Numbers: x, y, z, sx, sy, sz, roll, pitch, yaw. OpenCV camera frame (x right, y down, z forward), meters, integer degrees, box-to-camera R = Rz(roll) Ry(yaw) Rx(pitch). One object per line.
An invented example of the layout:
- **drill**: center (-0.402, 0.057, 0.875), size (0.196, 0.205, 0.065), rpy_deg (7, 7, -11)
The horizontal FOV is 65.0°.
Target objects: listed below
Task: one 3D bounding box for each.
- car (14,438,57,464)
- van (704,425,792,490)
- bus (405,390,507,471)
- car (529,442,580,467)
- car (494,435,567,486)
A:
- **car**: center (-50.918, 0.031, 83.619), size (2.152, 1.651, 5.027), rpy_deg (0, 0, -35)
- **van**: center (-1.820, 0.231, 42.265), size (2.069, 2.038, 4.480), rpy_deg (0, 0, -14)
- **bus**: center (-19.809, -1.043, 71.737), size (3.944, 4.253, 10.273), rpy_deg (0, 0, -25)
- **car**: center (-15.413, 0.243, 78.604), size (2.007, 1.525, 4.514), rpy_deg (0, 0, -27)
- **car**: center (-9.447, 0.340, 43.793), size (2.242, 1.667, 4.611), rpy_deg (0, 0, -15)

* * *

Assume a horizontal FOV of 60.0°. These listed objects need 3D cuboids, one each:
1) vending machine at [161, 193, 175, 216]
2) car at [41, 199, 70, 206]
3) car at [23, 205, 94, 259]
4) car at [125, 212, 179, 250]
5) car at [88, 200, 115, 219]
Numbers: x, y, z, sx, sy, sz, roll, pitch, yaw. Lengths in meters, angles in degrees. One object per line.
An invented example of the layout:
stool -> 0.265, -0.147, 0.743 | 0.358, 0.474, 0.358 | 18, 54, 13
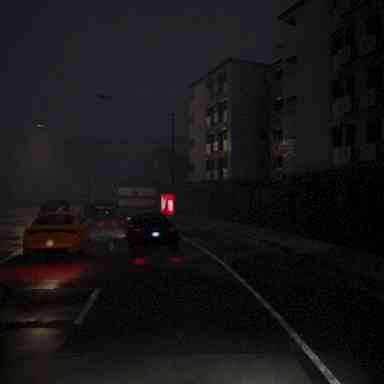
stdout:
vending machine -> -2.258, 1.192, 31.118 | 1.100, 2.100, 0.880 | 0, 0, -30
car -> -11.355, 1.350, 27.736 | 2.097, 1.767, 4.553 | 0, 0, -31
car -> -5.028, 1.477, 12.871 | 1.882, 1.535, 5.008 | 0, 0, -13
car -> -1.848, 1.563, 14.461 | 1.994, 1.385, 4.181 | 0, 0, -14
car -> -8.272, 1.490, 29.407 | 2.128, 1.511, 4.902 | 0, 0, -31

---

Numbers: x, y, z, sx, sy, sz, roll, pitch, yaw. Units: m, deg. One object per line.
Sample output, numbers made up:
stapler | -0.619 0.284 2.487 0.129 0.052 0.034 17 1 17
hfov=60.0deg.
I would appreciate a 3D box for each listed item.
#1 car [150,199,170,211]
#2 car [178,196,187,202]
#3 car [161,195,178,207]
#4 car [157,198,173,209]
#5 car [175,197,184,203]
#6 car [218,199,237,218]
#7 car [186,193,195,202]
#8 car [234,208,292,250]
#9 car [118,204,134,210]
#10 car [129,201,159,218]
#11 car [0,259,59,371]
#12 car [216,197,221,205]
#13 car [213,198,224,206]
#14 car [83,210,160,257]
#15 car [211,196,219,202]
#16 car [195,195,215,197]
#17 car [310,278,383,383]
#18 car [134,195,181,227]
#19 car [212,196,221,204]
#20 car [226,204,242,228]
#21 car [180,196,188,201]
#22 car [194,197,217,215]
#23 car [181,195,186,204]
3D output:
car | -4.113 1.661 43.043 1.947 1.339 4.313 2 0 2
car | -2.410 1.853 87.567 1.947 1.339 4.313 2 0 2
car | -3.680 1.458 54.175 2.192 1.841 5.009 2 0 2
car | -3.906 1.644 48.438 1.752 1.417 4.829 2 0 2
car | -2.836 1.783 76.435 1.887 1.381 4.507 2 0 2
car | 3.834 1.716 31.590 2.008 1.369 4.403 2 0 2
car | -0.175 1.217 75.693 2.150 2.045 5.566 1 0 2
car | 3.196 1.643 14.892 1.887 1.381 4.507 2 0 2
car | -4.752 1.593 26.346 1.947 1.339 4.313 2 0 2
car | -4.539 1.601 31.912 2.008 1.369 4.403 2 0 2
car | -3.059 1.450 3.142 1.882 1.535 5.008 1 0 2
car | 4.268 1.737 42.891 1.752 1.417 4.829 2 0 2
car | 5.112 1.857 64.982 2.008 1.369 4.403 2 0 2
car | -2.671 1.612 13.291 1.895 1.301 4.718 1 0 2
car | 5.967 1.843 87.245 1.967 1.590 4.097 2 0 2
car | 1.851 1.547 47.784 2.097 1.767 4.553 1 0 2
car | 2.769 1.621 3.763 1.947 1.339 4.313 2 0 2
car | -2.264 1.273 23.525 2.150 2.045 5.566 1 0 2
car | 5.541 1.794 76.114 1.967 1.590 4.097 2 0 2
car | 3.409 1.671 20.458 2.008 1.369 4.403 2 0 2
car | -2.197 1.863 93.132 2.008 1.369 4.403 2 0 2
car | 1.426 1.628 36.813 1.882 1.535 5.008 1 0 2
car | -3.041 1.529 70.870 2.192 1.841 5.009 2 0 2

[What the task requires]
Copy the lines above exactly. Start with the line containing "#4 car [157,198,173,209]", end with the line containing "#23 car [181,195,186,204]", and include both.

[Completed task]
#4 car [157,198,173,209]
#5 car [175,197,184,203]
#6 car [218,199,237,218]
#7 car [186,193,195,202]
#8 car [234,208,292,250]
#9 car [118,204,134,210]
#10 car [129,201,159,218]
#11 car [0,259,59,371]
#12 car [216,197,221,205]
#13 car [213,198,224,206]
#14 car [83,210,160,257]
#15 car [211,196,219,202]
#16 car [195,195,215,197]
#17 car [310,278,383,383]
#18 car [134,195,181,227]
#19 car [212,196,221,204]
#20 car [226,204,242,228]
#21 car [180,196,188,201]
#22 car [194,197,217,215]
#23 car [181,195,186,204]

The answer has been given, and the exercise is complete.